======== Records provided ========

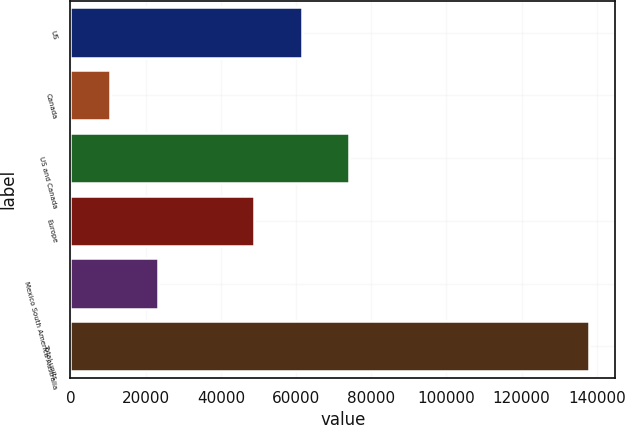<chart> <loc_0><loc_0><loc_500><loc_500><bar_chart><fcel>US<fcel>Canada<fcel>US and Canada<fcel>Europe<fcel>Mexico South America Australia<fcel>Total units<nl><fcel>61450<fcel>10500<fcel>74200<fcel>48700<fcel>23250<fcel>138000<nl></chart> 
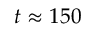<formula> <loc_0><loc_0><loc_500><loc_500>t \approx 1 5 0</formula> 
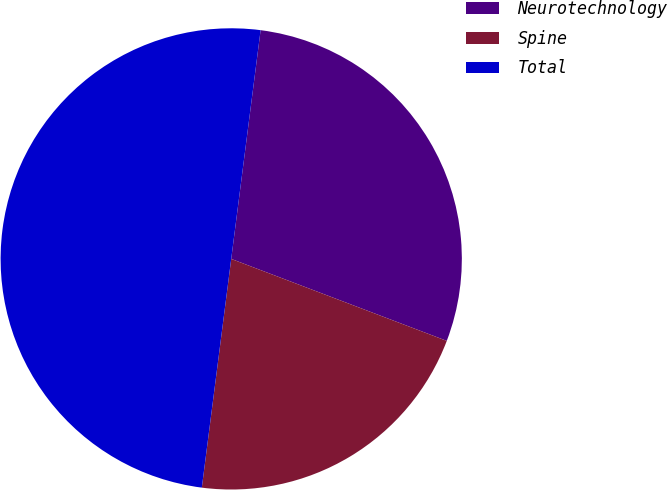Convert chart. <chart><loc_0><loc_0><loc_500><loc_500><pie_chart><fcel>Neurotechnology<fcel>Spine<fcel>Total<nl><fcel>28.75%<fcel>21.25%<fcel>50.0%<nl></chart> 
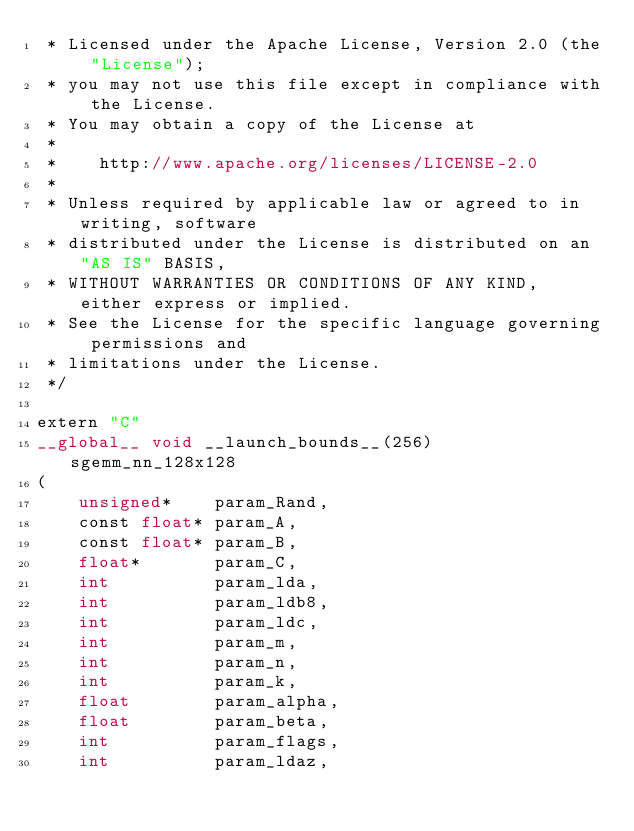Convert code to text. <code><loc_0><loc_0><loc_500><loc_500><_Cuda_> * Licensed under the Apache License, Version 2.0 (the "License");
 * you may not use this file except in compliance with the License.
 * You may obtain a copy of the License at
 * 
 *    http://www.apache.org/licenses/LICENSE-2.0
 * 
 * Unless required by applicable law or agreed to in writing, software
 * distributed under the License is distributed on an "AS IS" BASIS,
 * WITHOUT WARRANTIES OR CONDITIONS OF ANY KIND, either express or implied.
 * See the License for the specific language governing permissions and
 * limitations under the License.
 */

extern "C"
__global__ void __launch_bounds__(256) sgemm_nn_128x128
(
    unsigned*    param_Rand,
    const float* param_A,
    const float* param_B,
    float*       param_C,
    int          param_lda,  
    int          param_ldb8,  
    int          param_ldc,
    int          param_m,
    int          param_n,
    int          param_k,
    float        param_alpha,
    float        param_beta,
    int          param_flags,
    int          param_ldaz,</code> 
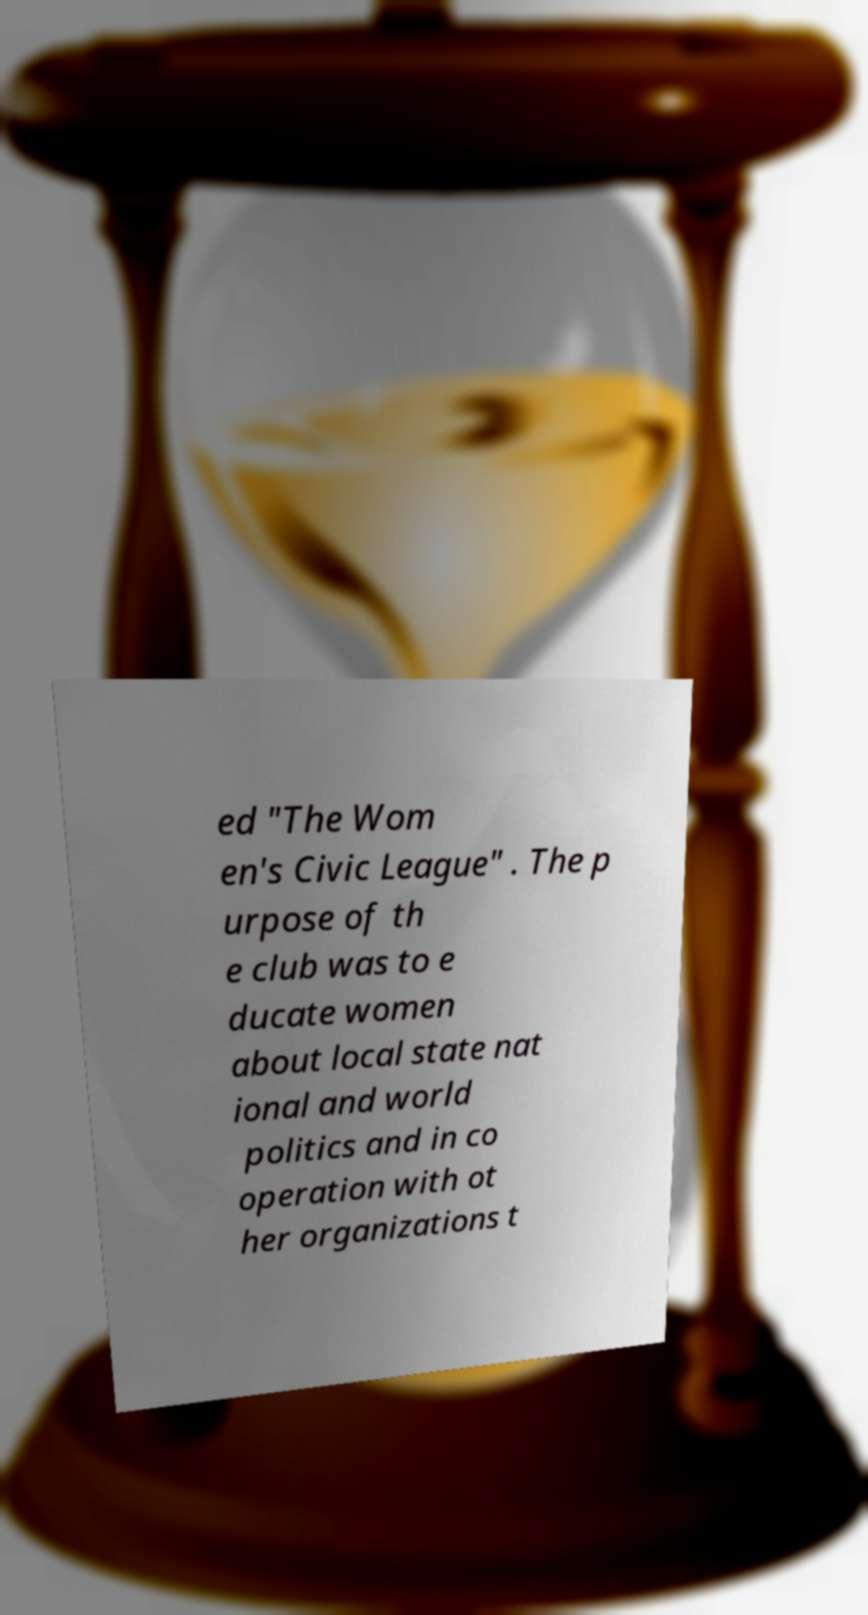Could you assist in decoding the text presented in this image and type it out clearly? ed "The Wom en's Civic League" . The p urpose of th e club was to e ducate women about local state nat ional and world politics and in co operation with ot her organizations t 
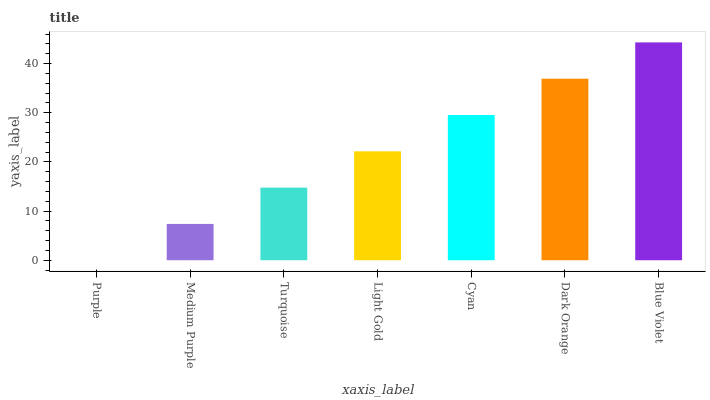Is Purple the minimum?
Answer yes or no. Yes. Is Blue Violet the maximum?
Answer yes or no. Yes. Is Medium Purple the minimum?
Answer yes or no. No. Is Medium Purple the maximum?
Answer yes or no. No. Is Medium Purple greater than Purple?
Answer yes or no. Yes. Is Purple less than Medium Purple?
Answer yes or no. Yes. Is Purple greater than Medium Purple?
Answer yes or no. No. Is Medium Purple less than Purple?
Answer yes or no. No. Is Light Gold the high median?
Answer yes or no. Yes. Is Light Gold the low median?
Answer yes or no. Yes. Is Purple the high median?
Answer yes or no. No. Is Dark Orange the low median?
Answer yes or no. No. 
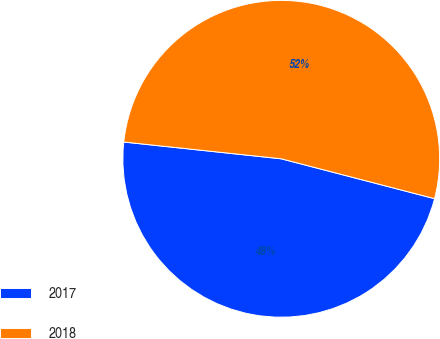<chart> <loc_0><loc_0><loc_500><loc_500><pie_chart><fcel>2017<fcel>2018<nl><fcel>47.64%<fcel>52.36%<nl></chart> 
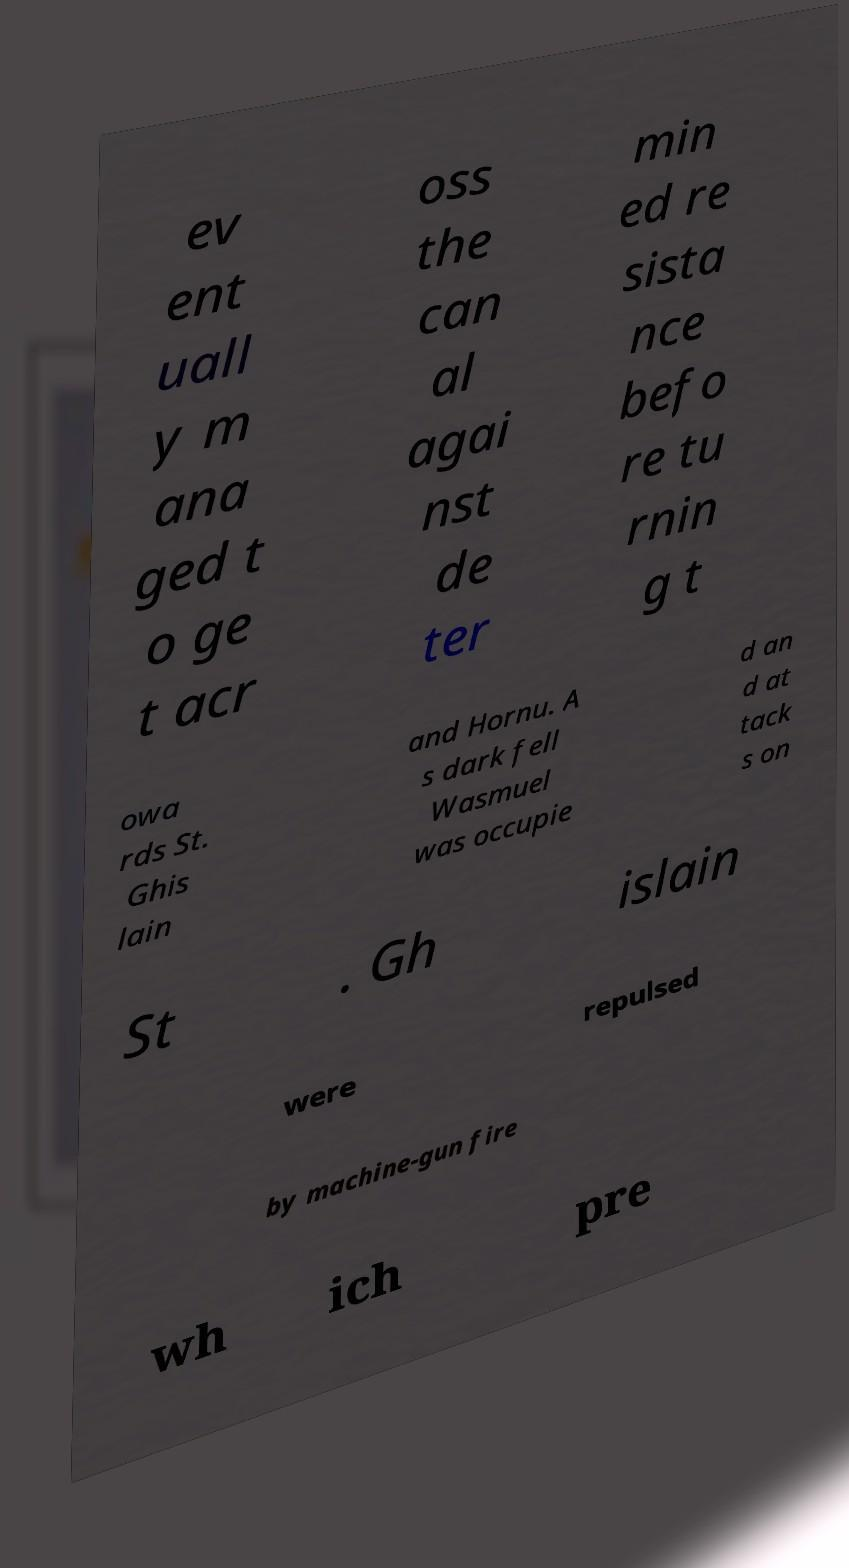Can you read and provide the text displayed in the image?This photo seems to have some interesting text. Can you extract and type it out for me? ev ent uall y m ana ged t o ge t acr oss the can al agai nst de ter min ed re sista nce befo re tu rnin g t owa rds St. Ghis lain and Hornu. A s dark fell Wasmuel was occupie d an d at tack s on St . Gh islain were repulsed by machine-gun fire wh ich pre

========

Required action: How many of the lines in the records above include the word "maximum"? State that number alone.

Worked solution: 2